• Requirement
Filter the listing down to the lines containing the word "capstone".

------------

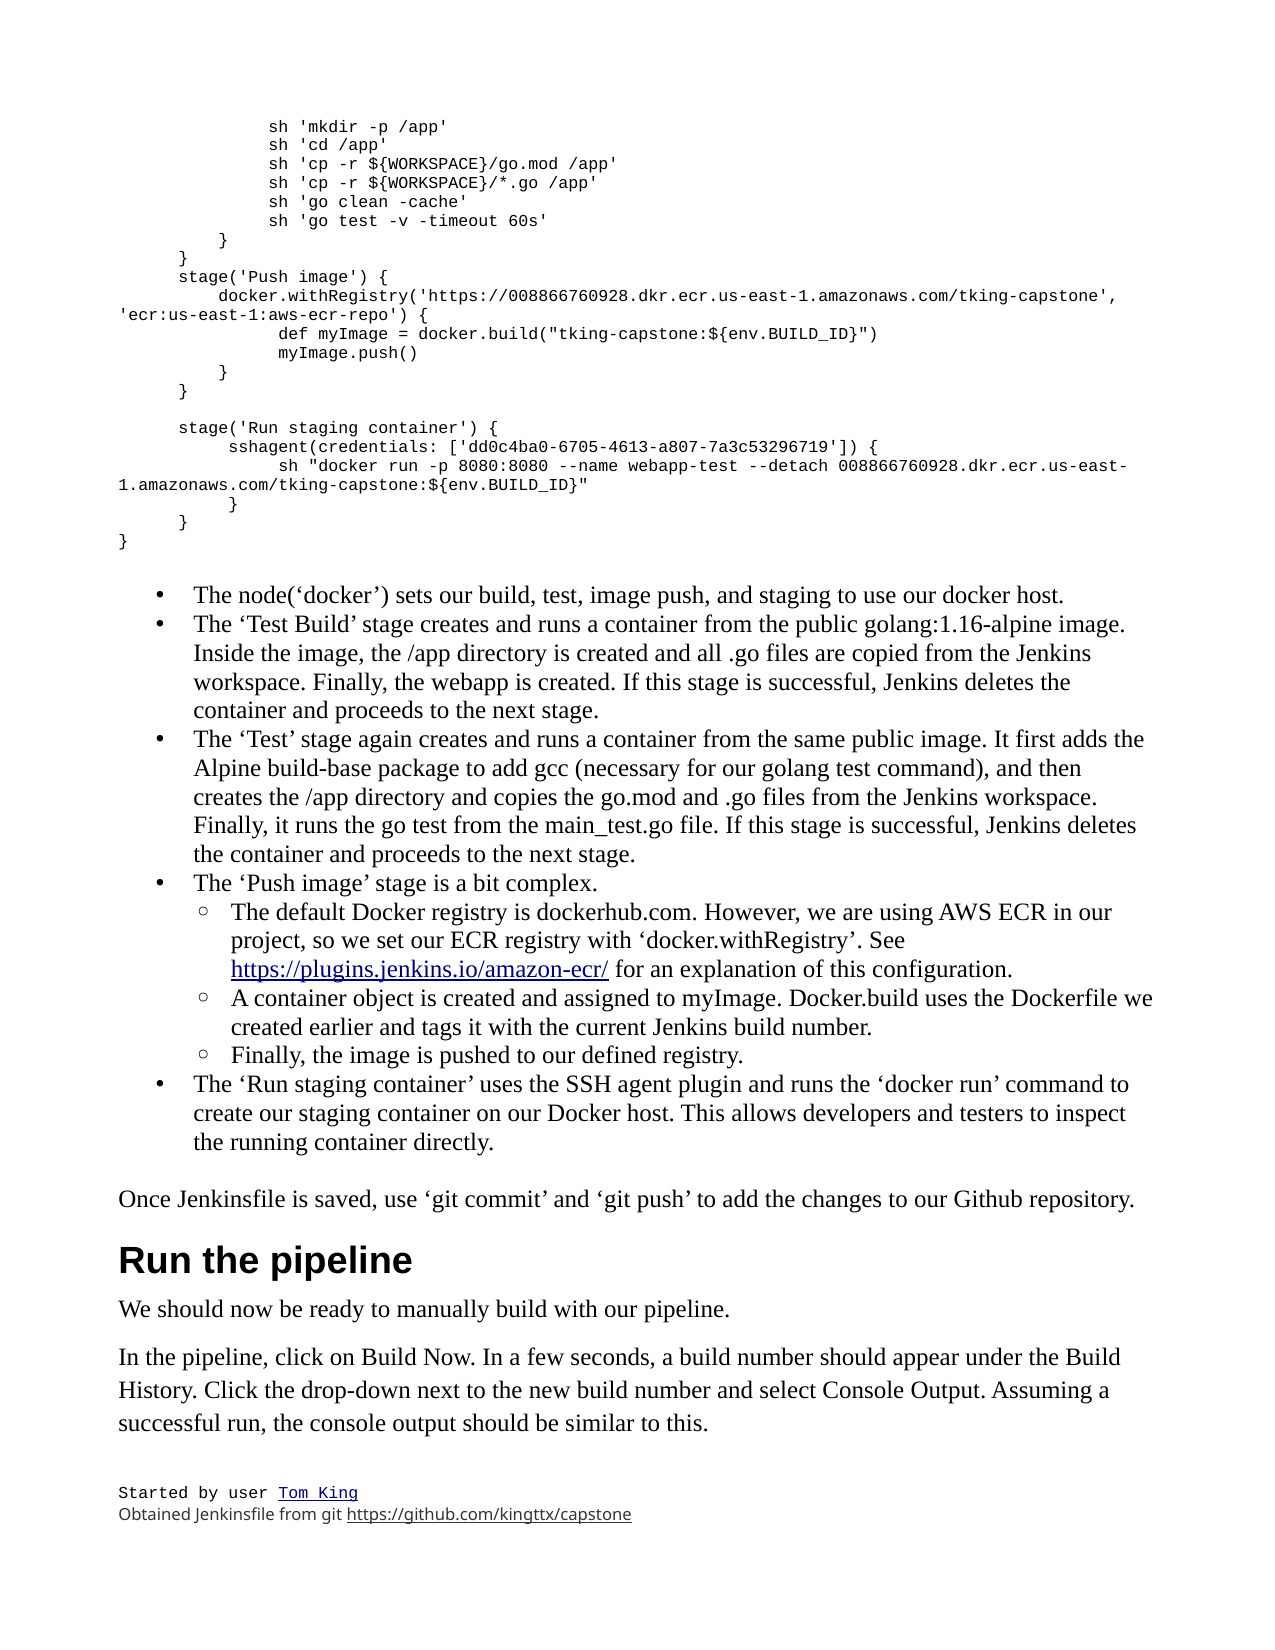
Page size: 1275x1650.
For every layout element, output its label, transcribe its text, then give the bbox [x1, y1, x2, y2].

text We should now be ready to manually build with our pipeline. [118, 1294, 1157, 1323]
text docker.withRegistry('https://008866760928.dkr.ecr.us-east-1.amazonaws.com/tking-capstone', 'ecr:us-east-1:aws-ecr-repo') { [118, 288, 1157, 326]
text def myImage = docker.build("tking-capstone:${env.BUILD_ID}") [118, 326, 1157, 344]
text sh 'mkdir -p /app' [118, 118, 1157, 137]
list Finally, the image is pushed to our defined registry. [193, 1041, 1157, 1069]
text } [118, 495, 1157, 514]
text sshagent(credentials: ['dd0c4ba0-6705-4613-a807-7a3c53296719']) { [118, 439, 1157, 457]
list The default Docker registry is dockerhub.com. However, we are using AWS ECR in our project, so we set our ECR registry with ‘docker.withRegistry’. See https://plugins.jenkins.io/amazon-ecr/ for an explanation of this configuration. [193, 897, 1157, 983]
text } [118, 250, 1157, 269]
text } [118, 514, 1157, 533]
text } [118, 382, 1157, 401]
list The ‘Push image’ stage is a bit complex. [156, 868, 1157, 897]
text } [118, 363, 1157, 382]
text In the pipeline, click on Build Now. In a few seconds, a build number should appear under the Build History. Click the drop-down next to the new build number and select Console Output. Assuming a successful run, the console output should be similar to this. [118, 1342, 1157, 1437]
text sh 'cp -r ${WORKSPACE}/*.go /app' [118, 175, 1157, 193]
text myImage.push() [118, 344, 1157, 363]
text Obtained Jenkinsfile from git https://github.com/kingttx/capstone [118, 1503, 1157, 1526]
text sh 'cp -r ${WORKSPACE}/go.mod /app' [118, 156, 1157, 175]
text sh 'cd /app' [118, 137, 1157, 156]
text sh 'go test -v -timeout 60s' [118, 212, 1157, 231]
text Once Jenkinsfile is saved, use ‘git commit’ and ‘git push’ to add the changes to our Github repository. [118, 1184, 1157, 1213]
subtitle Run the pipeline [118, 1238, 1157, 1282]
list The ‘Test Build’ stage creates and runs a container from the public golang:1.16-alpine image. Inside the image, the /app directory is created and all .go files are copied from the Jenkins workspace. Finally, the webapp is created. If this stage is successful, Jenkins deletes the container and proceeds to the next stage. [156, 609, 1157, 724]
list The node(‘docker’) sets our build, test, image push, and staging to use our docker host. [156, 581, 1157, 609]
list The ‘Run staging container’ uses the SSH agent plugin and runs the ‘docker run’ command to create our staging container on our Docker host. This allows developers and testers to inspect the running container directly. [156, 1069, 1157, 1156]
list The ‘Test’ stage again creates and runs a container from the same public image. It first adds the Alpine build-base package to add gcc (necessary for our golang test command), and then creates the /app directory and copies the go.mod and .go files from the Jenkins workspace. Finally, it runs the go test from the main_test.go file. If this stage is successful, Jenkins deletes the container and proceeds to the next stage. [156, 724, 1157, 868]
text sh "docker run -p 8080:8080 --name webapp-test --detach 008866760928.dkr.ecr.us-east-1.amazonaws.com/tking-capstone:${env.BUILD_ID}" [118, 457, 1157, 495]
text stage('Run staging container') { [118, 420, 1157, 439]
text Started by user Tom King [118, 1484, 1157, 1503]
text stage('Push image') { [118, 269, 1157, 288]
text sh 'go clean -cache' [118, 193, 1157, 212]
list A container object is created and assigned to myImage. Docker.build uses the Dockerfile we created earlier and tags it with the current Jenkins build number. [193, 983, 1157, 1041]
text } [118, 533, 1157, 552]
text } [118, 231, 1157, 250]

------------

• Your response
text docker.withRegistry('https://008866760928.dkr.ecr.us-east-1.amazonaws.com/tking-capstone', 'ecr:us-east-1:aws-ecr-repo') { [118, 288, 1157, 326]
text def myImage = docker.build("tking-capstone:${env.BUILD_ID}") [118, 326, 1157, 344]
text Obtained Jenkinsfile from git https://github.com/kingttx/capstone [118, 1503, 1157, 1526]
text sh "docker run -p 8080:8080 --name webapp-test --detach 008866760928.dkr.ecr.us-east-1.amazonaws.com/tking-capstone:${env.BUILD_ID}" [118, 457, 1157, 495]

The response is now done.